Senior Provider Audit Specialist

New

Pay$72870.00 - $137290.00 / year
LocationHarrisburg/Pennsylvania
Employment typeFull-Time
  • Job Description

      Req#: 4515
      Position Description

      Base pay is influenced by several factors including a candidate's qualifications, relevant experience, and anticipated contributions to meet the needs of the business, along with internal pay equity and external market-driven rates. The salary range displayed has not been adjusted for geographical location. This range has been created in good faith based on information known to Capital Blue Cross at the time of posting and may be modified in the future. Capital Blue Cross offers a comprehensive benefits packaging including Medical, Dental & Vision coverage, a Retirement Plan, generous time off including Paid Time Off, Holidays, and Volunteer time off, an Incentive Plan, Tuition Reimbursement, and more.

      At Capital Blue Cross, we promise to go the extra mile for our team and our community. This promise is at the heart of our culture, and it's why our employees consistently vote us one of the "Best Places to Work in PA."

      The Senior Provider Audit Specialist provides leadership for complex, high-impact audits of hospital billing, chargemaster, and reimbursement practices to drive financial integrity and compliance across the organization. As a subject matter expert on chargemaster structures and reimbursement methodologies, the senior specialist develops audit strategies and frameworks, mentors team members, and provides actionable insights that shape audit strategy, policy development, and provider engagement.

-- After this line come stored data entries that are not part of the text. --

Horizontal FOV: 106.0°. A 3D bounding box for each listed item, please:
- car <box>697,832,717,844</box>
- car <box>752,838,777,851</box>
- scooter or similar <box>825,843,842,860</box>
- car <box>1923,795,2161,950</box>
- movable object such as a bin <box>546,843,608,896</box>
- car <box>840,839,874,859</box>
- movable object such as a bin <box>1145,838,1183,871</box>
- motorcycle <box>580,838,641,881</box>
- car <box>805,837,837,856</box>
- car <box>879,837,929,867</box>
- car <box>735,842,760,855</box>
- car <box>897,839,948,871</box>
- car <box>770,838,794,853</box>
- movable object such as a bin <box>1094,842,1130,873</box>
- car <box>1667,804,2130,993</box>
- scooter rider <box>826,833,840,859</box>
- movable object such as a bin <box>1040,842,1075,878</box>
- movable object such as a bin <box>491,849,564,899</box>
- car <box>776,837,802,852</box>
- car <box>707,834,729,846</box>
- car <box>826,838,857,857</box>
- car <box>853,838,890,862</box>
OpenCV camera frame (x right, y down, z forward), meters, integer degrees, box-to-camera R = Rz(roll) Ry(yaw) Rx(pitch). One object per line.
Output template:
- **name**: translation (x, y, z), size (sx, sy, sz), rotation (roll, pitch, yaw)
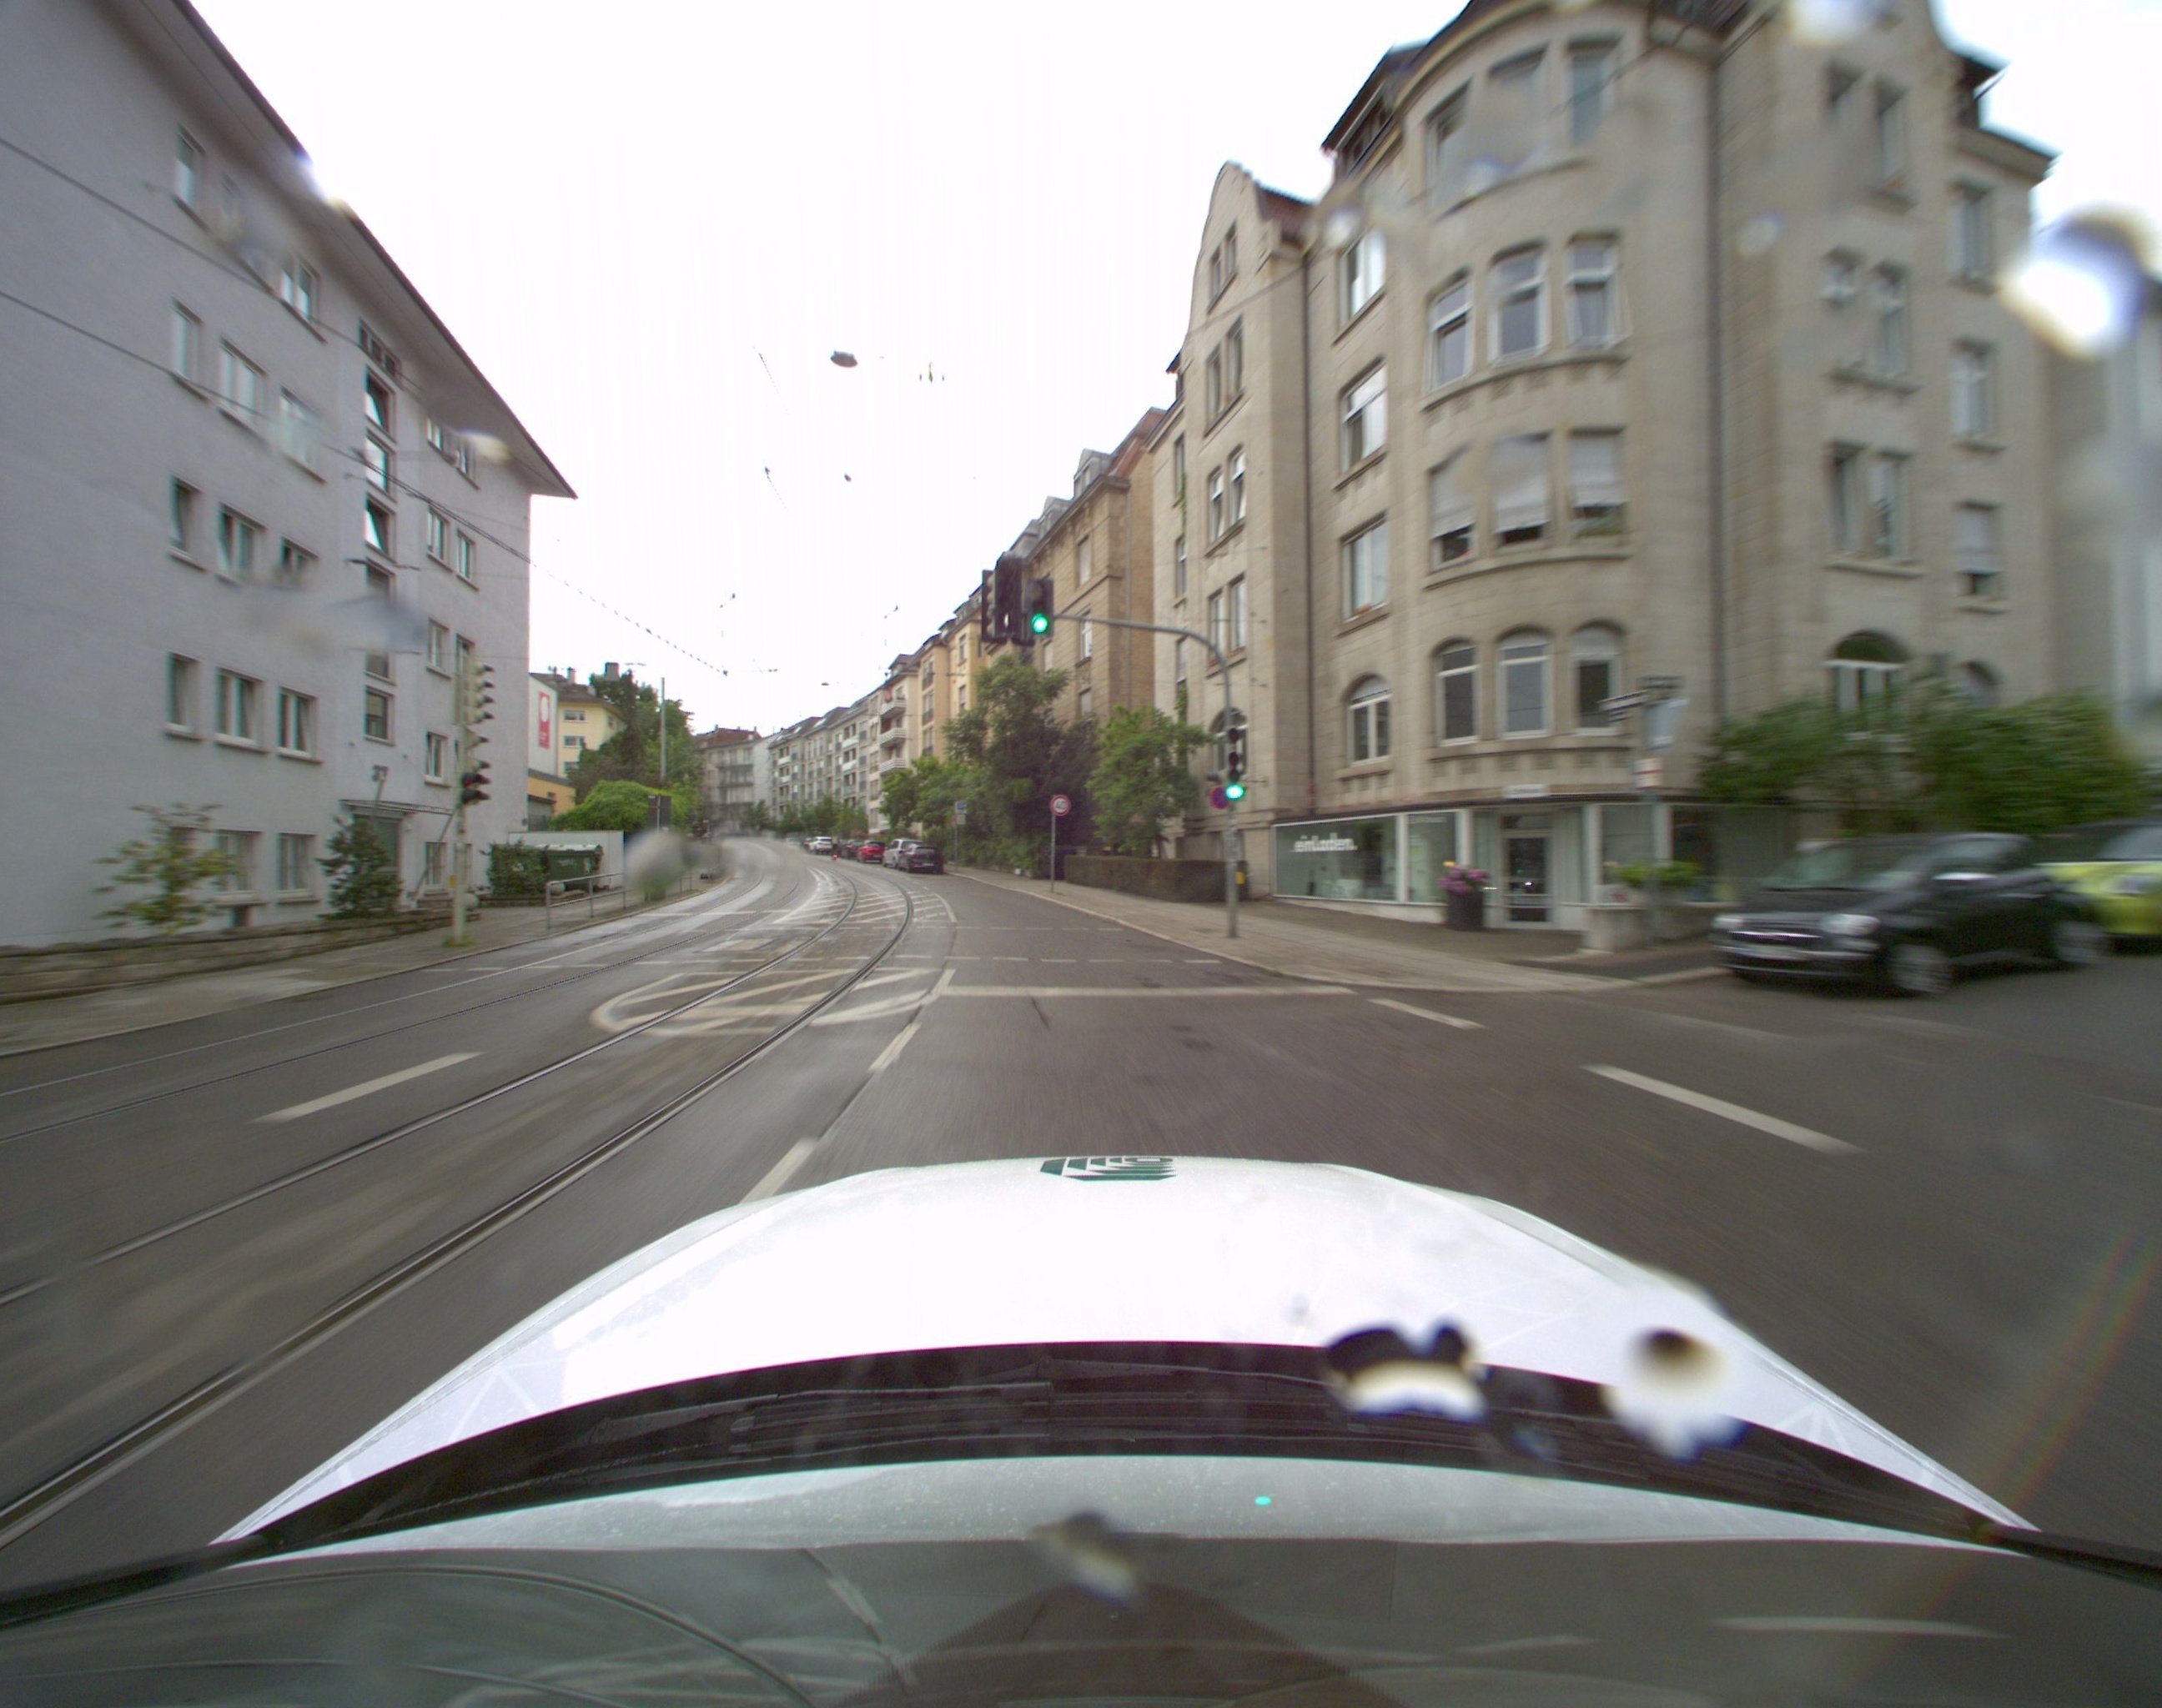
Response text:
- **car**: translation (-56.635, -2.431, 123.156), size (1.781, 1.684, 4.200), rotation (1, 1, -38)
- **car**: translation (-37.847, -1.124, 97.284), size (1.775, 1.434, 4.589), rotation (-1, 2, -35)
- **scooter or similar**: translation (-17.050, -0.184, 56.079), size (0.517, 1.049, 1.988), rotation (3, 0, -33)
- **car**: translation (12.405, 0.108, 9.632), size (3.662, 1.508, 1.730), rotation (-4, 1, -13)
- **movable object such as a bin**: translation (-15.147, 0.456, 24.518), size (1.187, 1.461, 1.284), rotation (-2, 3, -15)
- **car**: translation (-16.711, -0.394, 60.579), size (1.692, 1.436, 4.029), rotation (1, 1, -26)
- **movable object such as a bin**: translation (3.739, -0.007, 36.769), size (1.235, 1.424, 1.298), rotation (-2, 2, -21)
- **motorcycle**: translation (-18.710, 0.213, 32.432), size (1.928, 1.600, 0.592), rotation (-2, 3, -20)
- **car**: translation (-23.503, -0.706, 73.417), size (1.849, 1.573, 4.208), rotation (2, 0, -30)
- **car**: translation (-10.007, -0.142, 45.734), size (1.775, 1.603, 4.252), rotation (-1, 2, -26)
- **car**: translation (-43.036, -0.717, 104.995), size (1.782, 1.615, 4.198), rotation (-1, 2, -41)
- **car**: translation (-8.036, 0.031, 41.047), size (1.773, 1.390, 3.972), rotation (1, 2, -22)
- **car**: translation (-33.495, -0.961, 91.251), size (1.713, 1.512, 3.676), rotation (1, 1, -33)
- **movable object such as a bin**: translation (1.363, 0.146, 35.818), size (1.222, 1.308, 1.160), rotation (-2, 1, -21)
- **car**: translation (8.469, 0.372, 8.560), size (3.662, 1.508, 1.730), rotation (-4, 1, -13)
- **scooter rider**: translation (-16.981, -0.549, 55.838), size (0.627, 1.705, 0.835), rotation (3, 0, -34)
- **movable object such as a bin**: translation (-0.977, 0.245, 34.379), size (1.232, 1.402, 0.815), rotation (-3, 4, -29)
- **movable object such as a bin**: translation (-16.405, 0.565, 24.191), size (1.371, 1.336, 1.319), rotation (-2, 3, -15)
- **car**: translation (-31.319, -1.017, 87.304), size (1.672, 1.471, 4.463), rotation (1, 0, -31)
- **car**: translation (-53.083, -2.077, 119.124), size (1.781, 1.684, 4.199), rotation (1, 1, -40)
- **car**: translation (-19.324, -0.565, 65.662), size (1.565, 1.436, 4.264), rotation (1, 1, -28)
- **car**: translation (-13.751, -0.287, 53.406), size (1.729, 1.436, 3.811), rotation (1, 1, -24)

      Responsibilities and Qualifications

      • Lead end-to-end audits of provider charge masters (CDM), billing practices, and associated claims to evaluate billing accuracy, rate structures, and adherence to contractual and regulatory requirements.
      • Design and enhance audit frameworks, models, dashboards, and templates that standardize audit execution and support enterprise provider audit functions.
      • Evaluate audit findings and exercise professional judgement to determine materiality, recovery potential and recommended resolution strategies.
      • Lead or support provider discussions related to audit findings, including explaining methodologies, defending determinations, and recommending corrective actions or process improvements.
      • Maintain current knowledge of CMS guidelines, payer policies, and healthcare billing standards (UB-04, CPT, HCPCS, revenue codes
      • Recommend process improvements, charge containment strategies, and policy changes to ensure appropriate billing and reimbursement practices
      • Participate in projects related to reimbursement policy development, provider contract review, and audit compliance
      • Drive proactive analytical studies to assess changes in provider billing patterns, charge description masters and other variable reimbursement provisions.
      • Provide technical guidance, mentoring, and quality oversight to Provider Audit Specialists, including review of audit workpapers, methodologies, and findings.

      Skills:
      • Expertise in CPT/HCPCS coding, CMS billing guidelines, and provider reimbursement methodologies.
      • Advanced experience with Microsoft Office Suite products (Access, Excel, Word, PowerPoint, etc.), SAS, SQL, Power BI, or other software used for both analytic, reporting, and data visualization functions.
      • Experience translating audit results into actional recommendations for senior leadership, including financial impact analysis, root cause identification, and strategic process or policy improvements.

      Knowledge:
      • Advanced knowledge of hospital reimbursement structures, including DRG/APC payment methodologies, revenue codes, CDMs, UB-04 billing, CPT/HCPCS codes, and revenue cycle operations.

      Experience:
      • Minimum of five (5) years of progressive experience conducting provider billing, reimbursement, or payment integrity audits within a health plan, consulting firm, or healthcare organization, with a demonstrated focus on hospital chargemasters (CDMs), facility billing, and reimbursement methodologies.
      • Experience with Commercial and Medicare Advantage plans.
      • Demonstrated experience independently leading complex, high-impact audits, including determining audit scope, methodology, and prioritization based on financial risk, regulatory exposure, and organizational impact.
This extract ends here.